Source records:
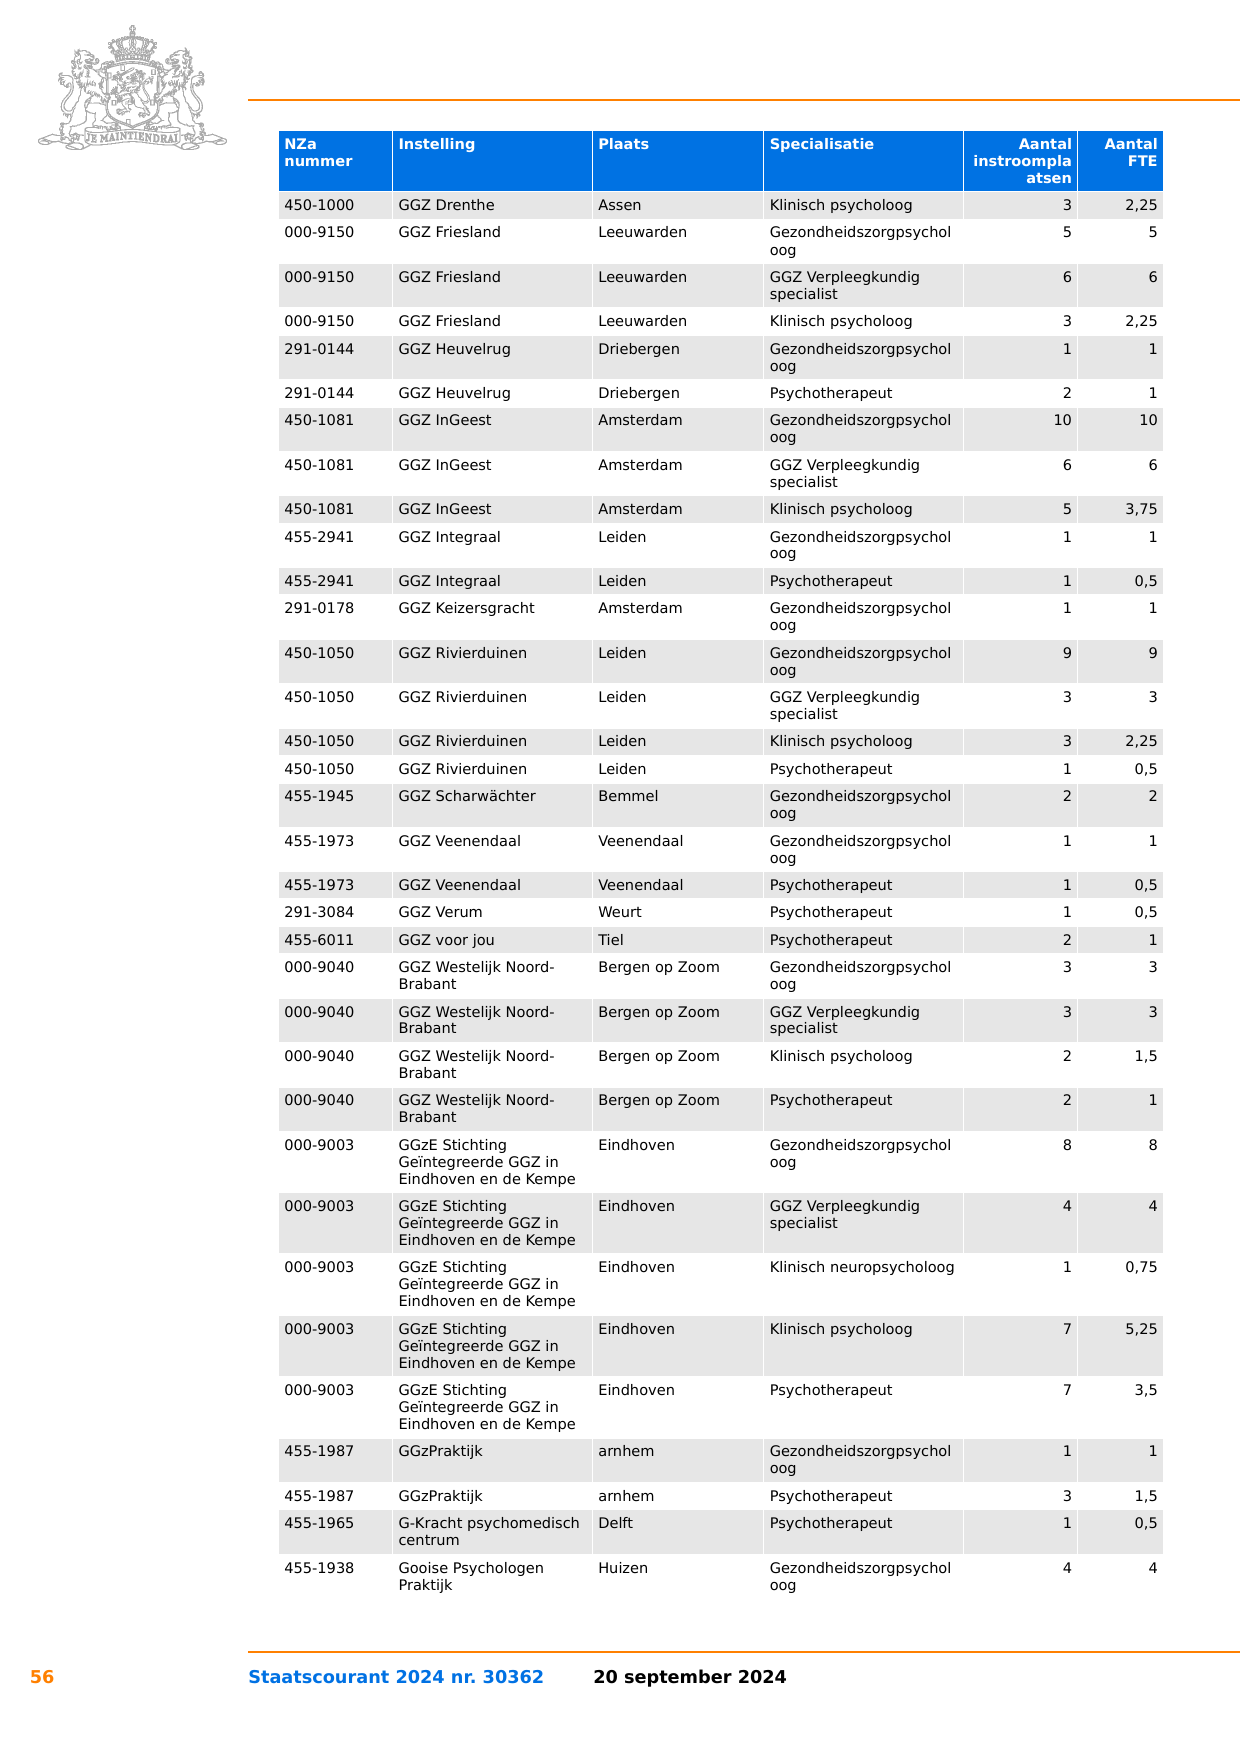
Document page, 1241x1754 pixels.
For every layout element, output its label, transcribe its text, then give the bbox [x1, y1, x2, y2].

table_cell Gezondheidszorgpsycholoog [764, 408, 963, 451]
table_cell 000-9040 [279, 1088, 392, 1131]
table_cell 6 [964, 264, 1077, 307]
table_cell GGZ voor jou [393, 927, 592, 953]
table_cell 0,5 [1078, 756, 1163, 782]
table_cell GGzE Stichting Geïntegreerde GGZ in Eindhoven en de Kempe [393, 1132, 592, 1192]
table_cell GGZ Verpleegkundig specialist [764, 999, 963, 1042]
table_cell 2 [964, 927, 1077, 953]
table_cell Gezondheidszorgpsycholoog [764, 1555, 963, 1598]
table_cell 1 [964, 336, 1077, 379]
table_cell 1 [964, 828, 1077, 871]
table_cell GGZ Rivierduinen [393, 729, 592, 755]
table_cell 3 [964, 192, 1077, 219]
table_cell GGZ Friesland [393, 309, 592, 335]
table_cell 455-1945 [279, 784, 392, 827]
table_cell 000-9003 [279, 1377, 392, 1438]
table_cell 455-1987 [279, 1483, 392, 1509]
table_cell 3 [1078, 999, 1163, 1042]
table_cell GGZ Drenthe [393, 192, 592, 219]
table_cell 5 [1078, 220, 1163, 263]
table_cell Bergen op Zoom [593, 1088, 763, 1131]
table_cell Psychotherapeut [764, 1510, 963, 1554]
table_cell Gezondheidszorgpsycholoog [764, 828, 963, 871]
table_cell Gezondheidszorgpsycholoog [764, 336, 963, 379]
table_cell Gezondheidszorgpsycholoog [764, 954, 963, 998]
table_cell 1 [1078, 596, 1163, 639]
table_cell 1 [964, 900, 1077, 926]
table_cell 6 [1078, 264, 1163, 307]
table_cell 1 [964, 872, 1077, 898]
table_cell G-Kracht psychomedisch centrum [393, 1510, 592, 1554]
table_cell Klinisch neuropsycholoog [764, 1255, 963, 1315]
table_cell Veenendaal [593, 872, 763, 898]
table_cell 1 [964, 524, 1077, 567]
table_cell Leiden [593, 729, 763, 755]
table_cell 2,25 [1078, 729, 1163, 755]
table_cell Gezondheidszorgpsycholoog [764, 596, 963, 639]
table_cell GGZ Rivierduinen [393, 640, 592, 683]
table_cell 000-9040 [279, 1043, 392, 1086]
table_cell Psychotherapeut [764, 872, 963, 898]
table_cell GGZ Friesland [393, 264, 592, 307]
table_cell 10 [1078, 408, 1163, 451]
table_cell 2 [964, 1088, 1077, 1131]
table_cell GGZ Integraal [393, 524, 592, 567]
table_cell 000-9003 [279, 1132, 392, 1192]
table_cell 3 [964, 309, 1077, 335]
table_cell Gezondheidszorgpsycholoog [764, 1439, 963, 1482]
table_cell 2,25 [1078, 192, 1163, 219]
table_cell 2,25 [1078, 309, 1163, 335]
table_cell 455-1987 [279, 1439, 392, 1482]
table_cell GGZ Veenendaal [393, 872, 592, 898]
table_cell 7 [964, 1316, 1077, 1376]
table_cell Leiden [593, 684, 763, 728]
table_cell Eindhoven [593, 1316, 763, 1376]
table_cell Gezondheidszorgpsycholoog [764, 524, 963, 567]
table_cell Eindhoven [593, 1255, 763, 1315]
table_cell 1 [1078, 1088, 1163, 1131]
table_cell 7 [964, 1377, 1077, 1438]
table_cell GGZ Rivierduinen [393, 756, 592, 782]
table_cell 455-1938 [279, 1555, 392, 1598]
table_cell 5,25 [1078, 1316, 1163, 1376]
table_cell Psychotherapeut [764, 756, 963, 782]
table_cell 450-1050 [279, 640, 392, 683]
table_cell GGZ InGeest [393, 496, 592, 523]
table_cell 000-9003 [279, 1193, 392, 1253]
table_cell 2 [964, 784, 1077, 827]
table_cell 1 [1078, 1439, 1163, 1482]
table_cell 1 [964, 568, 1077, 594]
table_cell 000-9150 [279, 309, 392, 335]
table_cell Psychotherapeut [764, 1088, 963, 1131]
table_cell Klinisch psycholoog [764, 729, 963, 755]
table_cell Klinisch psycholoog [764, 1316, 963, 1376]
table_cell 9 [1078, 640, 1163, 683]
table_cell Amsterdam [593, 496, 763, 523]
table_cell 1 [964, 1255, 1077, 1315]
table_cell GGZ Westelijk Noord-Brabant [393, 999, 592, 1042]
table_cell 0,5 [1078, 900, 1163, 926]
table_cell 4 [1078, 1555, 1163, 1598]
table_cell GGZ Keizersgracht [393, 596, 592, 639]
table_cell 3 [964, 1483, 1077, 1509]
table_cell 291-0178 [279, 596, 392, 639]
table_cell Klinisch psycholoog [764, 309, 963, 335]
table_cell GGZ Scharwächter [393, 784, 592, 827]
table_cell 291-0144 [279, 336, 392, 379]
table_cell Leeuwarden [593, 220, 763, 263]
table_cell 1 [964, 756, 1077, 782]
table_cell 8 [1078, 1132, 1163, 1192]
table_cell 6 [964, 452, 1077, 495]
table_cell 5 [964, 220, 1077, 263]
table_cell Bergen op Zoom [593, 1043, 763, 1086]
table_cell 450-1000 [279, 192, 392, 219]
table_cell 10 [964, 408, 1077, 451]
table_cell 455-1973 [279, 828, 392, 871]
table_cell Delft [593, 1510, 763, 1554]
table_cell 1 [964, 1439, 1077, 1482]
table_cell 1,5 [1078, 1483, 1163, 1509]
table_cell GGZ Integraal [393, 568, 592, 594]
table_cell 4 [964, 1193, 1077, 1253]
table_cell GGZ Verpleegkundig specialist [764, 1193, 963, 1253]
table_cell 1 [1078, 380, 1163, 407]
table_cell Klinisch psycholoog [764, 1043, 963, 1086]
picture [38, 25, 227, 150]
table_cell 000-9040 [279, 999, 392, 1042]
table_cell 0,5 [1078, 872, 1163, 898]
table_cell 1 [1078, 828, 1163, 871]
table_header Plaats [593, 131, 763, 191]
table_cell Psychotherapeut [764, 568, 963, 594]
table_cell 1 [1078, 524, 1163, 567]
table_cell 000-9150 [279, 220, 392, 263]
table_cell GGZ Heuvelrug [393, 336, 592, 379]
table_cell 0,5 [1078, 568, 1163, 594]
table_cell 6 [1078, 452, 1163, 495]
table_cell 450-1050 [279, 684, 392, 728]
table_cell Gezondheidszorgpsycholoog [764, 640, 963, 683]
table_cell Klinisch psycholoog [764, 192, 963, 219]
table_cell 3 [1078, 954, 1163, 998]
table_cell Driebergen [593, 380, 763, 407]
table_cell Psychotherapeut [764, 900, 963, 926]
table_cell GGzE Stichting Geïntegreerde GGZ in Eindhoven en de Kempe [393, 1255, 592, 1315]
table_cell 2 [964, 380, 1077, 407]
table_cell GGZ Verpleegkundig specialist [764, 264, 963, 307]
table_cell 3,75 [1078, 496, 1163, 523]
table_cell 8 [964, 1132, 1077, 1192]
table_cell 455-1973 [279, 872, 392, 898]
table_cell GGZ Rivierduinen [393, 684, 592, 728]
table_cell 1 [964, 596, 1077, 639]
table_cell 3 [1078, 684, 1163, 728]
table_cell Bergen op Zoom [593, 999, 763, 1042]
table_cell Klinisch psycholoog [764, 496, 963, 523]
table_cell 455-2941 [279, 568, 392, 594]
table_cell GGzE Stichting Geïntegreerde GGZ in Eindhoven en de Kempe [393, 1193, 592, 1253]
table_cell GGzPraktijk [393, 1439, 592, 1482]
table_cell GGZ InGeest [393, 452, 592, 495]
table_cell 2 [964, 1043, 1077, 1086]
table_cell Huizen [593, 1555, 763, 1598]
table_cell Bemmel [593, 784, 763, 827]
table_cell Tiel [593, 927, 763, 953]
table_cell Bergen op Zoom [593, 954, 763, 998]
table_cell Psychotherapeut [764, 1377, 963, 1438]
table_cell 1 [964, 1510, 1077, 1554]
table_cell Psychotherapeut [764, 380, 963, 407]
table_cell GGZ Verpleegkundig specialist [764, 684, 963, 728]
table_cell 1 [1078, 927, 1163, 953]
table_cell 000-9040 [279, 954, 392, 998]
table_cell 1 [1078, 336, 1163, 379]
table_header Aantal FTE [1078, 131, 1163, 191]
table_cell 4 [1078, 1193, 1163, 1253]
table_cell 3 [964, 729, 1077, 755]
table_cell GGZ Heuvelrug [393, 380, 592, 407]
table_cell Gezondheidszorgpsycholoog [764, 1132, 963, 1192]
table_cell arnhem [593, 1483, 763, 1509]
table_cell Psychotherapeut [764, 1483, 963, 1509]
table_cell 455-2941 [279, 524, 392, 567]
table_cell 0,75 [1078, 1255, 1163, 1315]
table_header Aantal instroomplaatsen [964, 131, 1077, 191]
table_header Instelling [393, 131, 592, 191]
table_cell Eindhoven [593, 1193, 763, 1253]
table_cell 450-1081 [279, 496, 392, 523]
table_cell 000-9003 [279, 1255, 392, 1315]
table_cell Gooise Psychologen Praktijk [393, 1555, 592, 1598]
table_cell 4 [964, 1555, 1077, 1598]
table_cell 3 [964, 954, 1077, 998]
table_cell 450-1081 [279, 408, 392, 451]
table_cell 455-6011 [279, 927, 392, 953]
table_cell Assen [593, 192, 763, 219]
table_cell GGZ Westelijk Noord-Brabant [393, 1088, 592, 1131]
table_cell 3 [964, 684, 1077, 728]
table_cell GGZ Verpleegkundig specialist [764, 452, 963, 495]
table_cell 455-1965 [279, 1510, 392, 1554]
table_cell 450-1081 [279, 452, 392, 495]
table_cell Gezondheidszorgpsycholoog [764, 220, 963, 263]
table_cell GGZ Veenendaal [393, 828, 592, 871]
table_cell 000-9003 [279, 1316, 392, 1376]
table_cell 3 [964, 999, 1077, 1042]
table_cell 291-3084 [279, 900, 392, 926]
table_cell 5 [964, 496, 1077, 523]
table_cell Eindhoven [593, 1132, 763, 1192]
table_cell 291-0144 [279, 380, 392, 407]
table_cell GGzE Stichting Geïntegreerde GGZ in Eindhoven en de Kempe [393, 1377, 592, 1438]
table_cell Leiden [593, 640, 763, 683]
table_header Specialisatie [764, 131, 963, 191]
table_cell GGZ Westelijk Noord-Brabant [393, 1043, 592, 1086]
table_cell GGzPraktijk [393, 1483, 592, 1509]
table_cell Driebergen [593, 336, 763, 379]
table_cell 0,5 [1078, 1510, 1163, 1554]
table_cell GGZ Verum [393, 900, 592, 926]
table_cell 9 [964, 640, 1077, 683]
table_cell 2 [1078, 784, 1163, 827]
table_cell Veenendaal [593, 828, 763, 871]
table_cell Amsterdam [593, 596, 763, 639]
table_cell Eindhoven [593, 1377, 763, 1438]
table_cell Gezondheidszorgpsycholoog [764, 784, 963, 827]
table_cell Leiden [593, 756, 763, 782]
table_cell Leeuwarden [593, 309, 763, 335]
table_cell arnhem [593, 1439, 763, 1482]
table_cell Leeuwarden [593, 264, 763, 307]
table_cell GGzE Stichting Geïntegreerde GGZ in Eindhoven en de Kempe [393, 1316, 592, 1376]
table_cell 000-9150 [279, 264, 392, 307]
table_header NZa nummer [279, 131, 392, 191]
table_cell GGZ InGeest [393, 408, 592, 451]
table_cell Amsterdam [593, 452, 763, 495]
table_cell Leiden [593, 568, 763, 594]
table_cell 1,5 [1078, 1043, 1163, 1086]
table_cell GGZ Friesland [393, 220, 592, 263]
table_cell 450-1050 [279, 756, 392, 782]
table_cell Amsterdam [593, 408, 763, 451]
table_cell Psychotherapeut [764, 927, 963, 953]
table_cell GGZ Westelijk Noord-Brabant [393, 954, 592, 998]
table_cell 3,5 [1078, 1377, 1163, 1438]
table_cell Weurt [593, 900, 763, 926]
table_cell Leiden [593, 524, 763, 567]
table_cell 450-1050 [279, 729, 392, 755]

> [Instructions to follow]: All lines above from the line with "table_cell 8 [964, 1132, 1077, 1192]" through the line with "table_cell Bergen op Zoom [593, 999, 763, 1042]", both included, are to be set down exactly, with nothing else.

> [Result]:
table_cell 8 [964, 1132, 1077, 1192]
table_cell 455-1973 [279, 872, 392, 898]
table_cell GGZ Rivierduinen [393, 684, 592, 728]
table_cell 1 [964, 596, 1077, 639]
table_cell 3 [1078, 684, 1163, 728]
table_cell Bergen op Zoom [593, 999, 763, 1042]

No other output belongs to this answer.